WHAT IS REQUIRED >> Beginning with the line below that contains "k ) .</formula>" and ending with the line that contains "Could you assist", retype every line exactly. Pictures are not copied.

EXTRACTED INFORMATION >>
■ ■ ■ ■

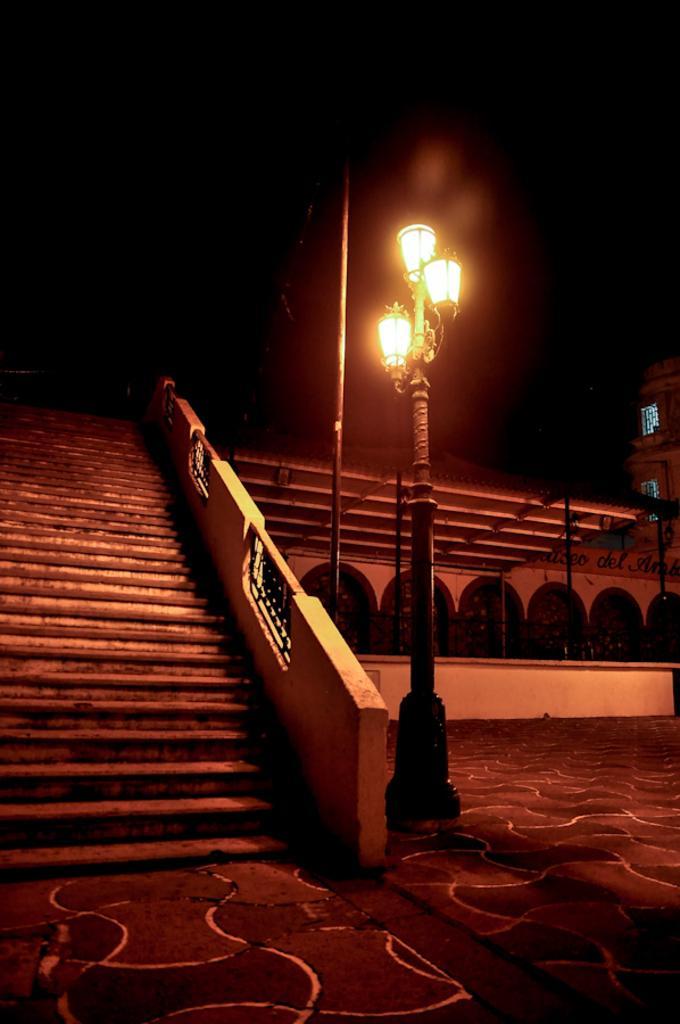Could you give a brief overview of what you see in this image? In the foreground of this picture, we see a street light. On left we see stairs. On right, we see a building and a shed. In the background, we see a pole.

■ ■ ■ ■

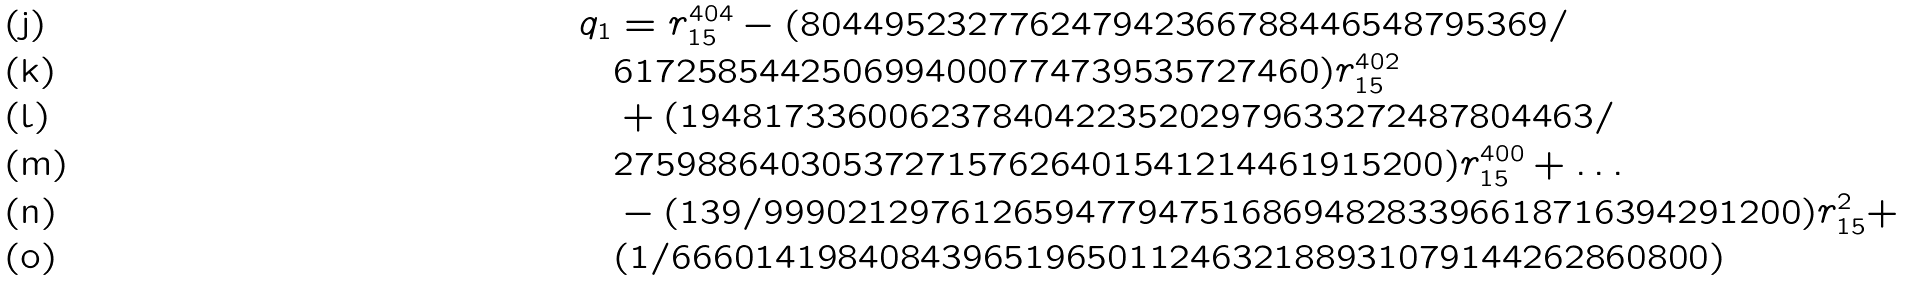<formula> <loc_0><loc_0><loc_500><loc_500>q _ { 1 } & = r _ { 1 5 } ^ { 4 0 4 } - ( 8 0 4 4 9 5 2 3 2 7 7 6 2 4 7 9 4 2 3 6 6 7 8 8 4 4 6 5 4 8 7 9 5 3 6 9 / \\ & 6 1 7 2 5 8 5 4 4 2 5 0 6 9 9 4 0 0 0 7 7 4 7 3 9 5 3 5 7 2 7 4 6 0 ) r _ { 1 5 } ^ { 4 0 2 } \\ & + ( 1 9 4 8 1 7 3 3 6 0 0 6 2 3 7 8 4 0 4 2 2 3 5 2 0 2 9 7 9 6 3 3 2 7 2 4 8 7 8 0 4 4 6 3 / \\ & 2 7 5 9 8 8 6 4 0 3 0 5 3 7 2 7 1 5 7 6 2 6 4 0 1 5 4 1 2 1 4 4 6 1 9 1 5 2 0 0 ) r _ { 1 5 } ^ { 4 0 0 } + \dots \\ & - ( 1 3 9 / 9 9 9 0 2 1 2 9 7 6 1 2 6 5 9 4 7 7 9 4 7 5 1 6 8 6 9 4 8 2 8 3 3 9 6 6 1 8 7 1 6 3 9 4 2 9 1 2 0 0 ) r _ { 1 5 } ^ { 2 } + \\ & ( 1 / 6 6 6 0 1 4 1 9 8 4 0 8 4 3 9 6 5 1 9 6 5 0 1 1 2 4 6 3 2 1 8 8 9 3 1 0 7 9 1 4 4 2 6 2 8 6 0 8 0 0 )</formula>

■ ■ ■ ■

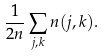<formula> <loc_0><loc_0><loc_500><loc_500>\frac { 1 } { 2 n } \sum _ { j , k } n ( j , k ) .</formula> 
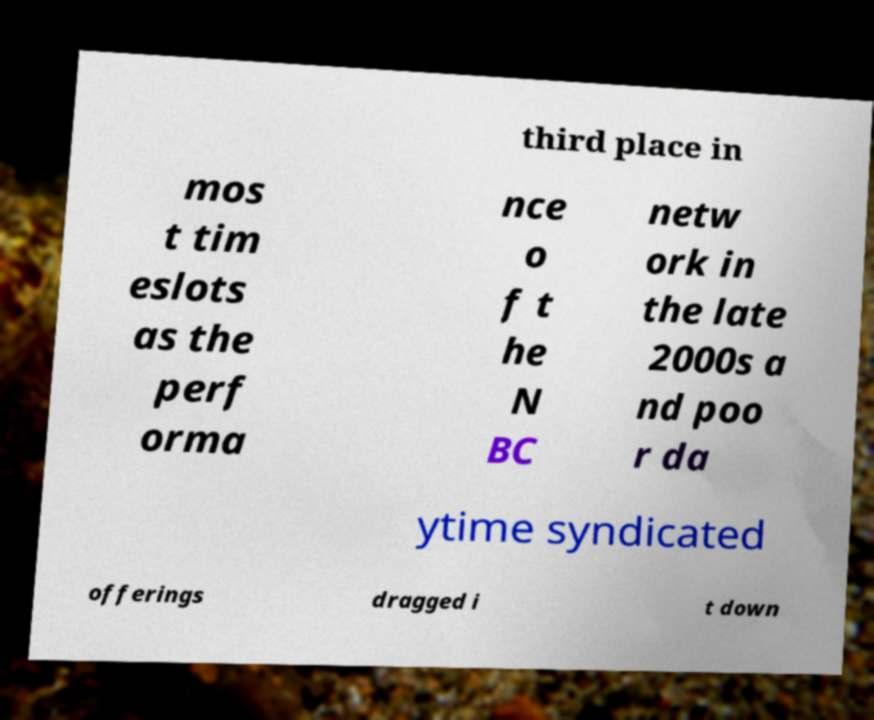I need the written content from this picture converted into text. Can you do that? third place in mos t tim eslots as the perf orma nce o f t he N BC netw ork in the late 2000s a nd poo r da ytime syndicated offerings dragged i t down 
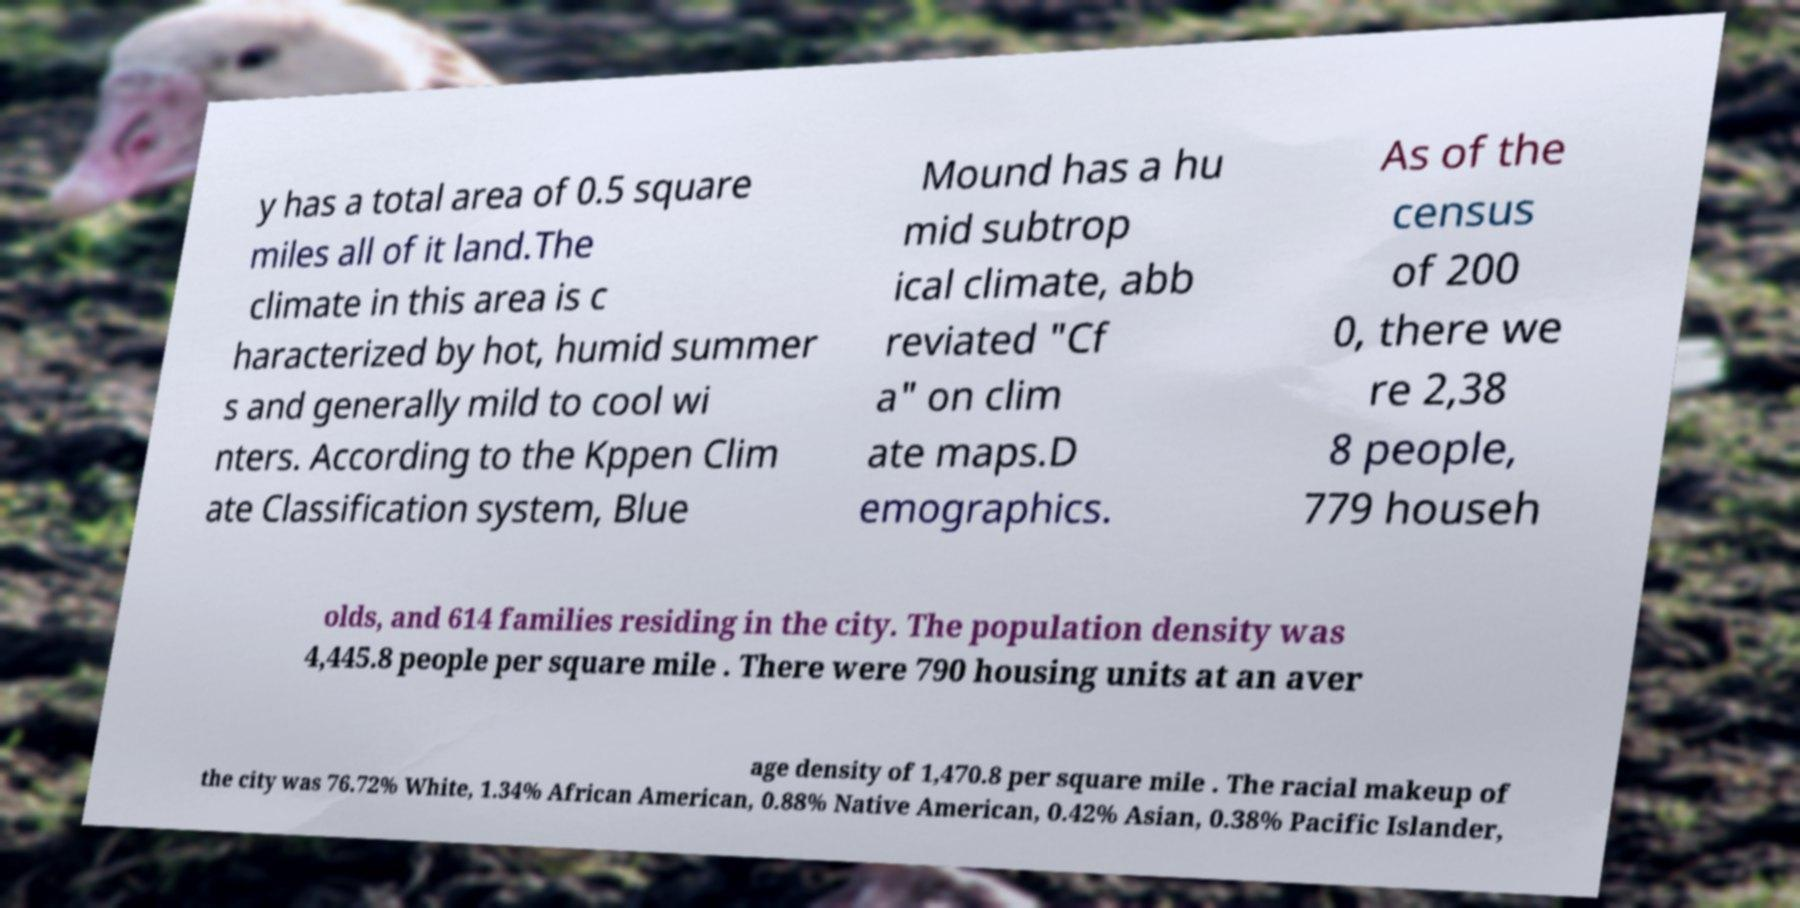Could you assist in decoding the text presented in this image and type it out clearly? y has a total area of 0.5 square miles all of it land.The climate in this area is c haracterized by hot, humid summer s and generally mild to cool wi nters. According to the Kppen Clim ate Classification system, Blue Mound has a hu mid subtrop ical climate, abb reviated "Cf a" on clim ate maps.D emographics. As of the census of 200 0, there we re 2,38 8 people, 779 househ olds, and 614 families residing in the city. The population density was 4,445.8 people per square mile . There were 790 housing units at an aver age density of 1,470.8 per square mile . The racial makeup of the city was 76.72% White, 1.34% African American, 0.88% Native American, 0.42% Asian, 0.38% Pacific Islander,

■ ■ ■ ■

ANSWER BELOW >>
<formula> <loc_0><loc_0><loc_500><loc_500>\frac { 1 } { 2 n } \sum _ { j , k } n ( j , k ) .</formula> 
I need the written content from this picture converted into text. Can you do that? third place in mos t tim eslots as the perf orma nce o f t he N BC netw ork in the late 2000s a nd poo r da ytime syndicated offerings dragged i t down 
Could you assist in decoding the text presented in this image and type it out clearly? y has a total area of 0.5 square miles all of it land.The climate in this area is c haracterized by hot, humid summer s and generally mild to cool wi nters. According to the Kppen Clim ate Classification system, Blue Mound has a hu mid subtrop ical climate, abb reviated "Cf a" on clim ate maps.D emographics. As of the census of 200 0, there we re 2,38 8 people, 779 househ olds, and 614 families residing in the city. The population density was 4,445.8 people per square mile . There were 790 housing units at an aver age density of 1,470.8 per square mile . The racial makeup of the city was 76.72% White, 1.34% African American, 0.88% Native American, 0.42% Asian, 0.38% Pacific Islander,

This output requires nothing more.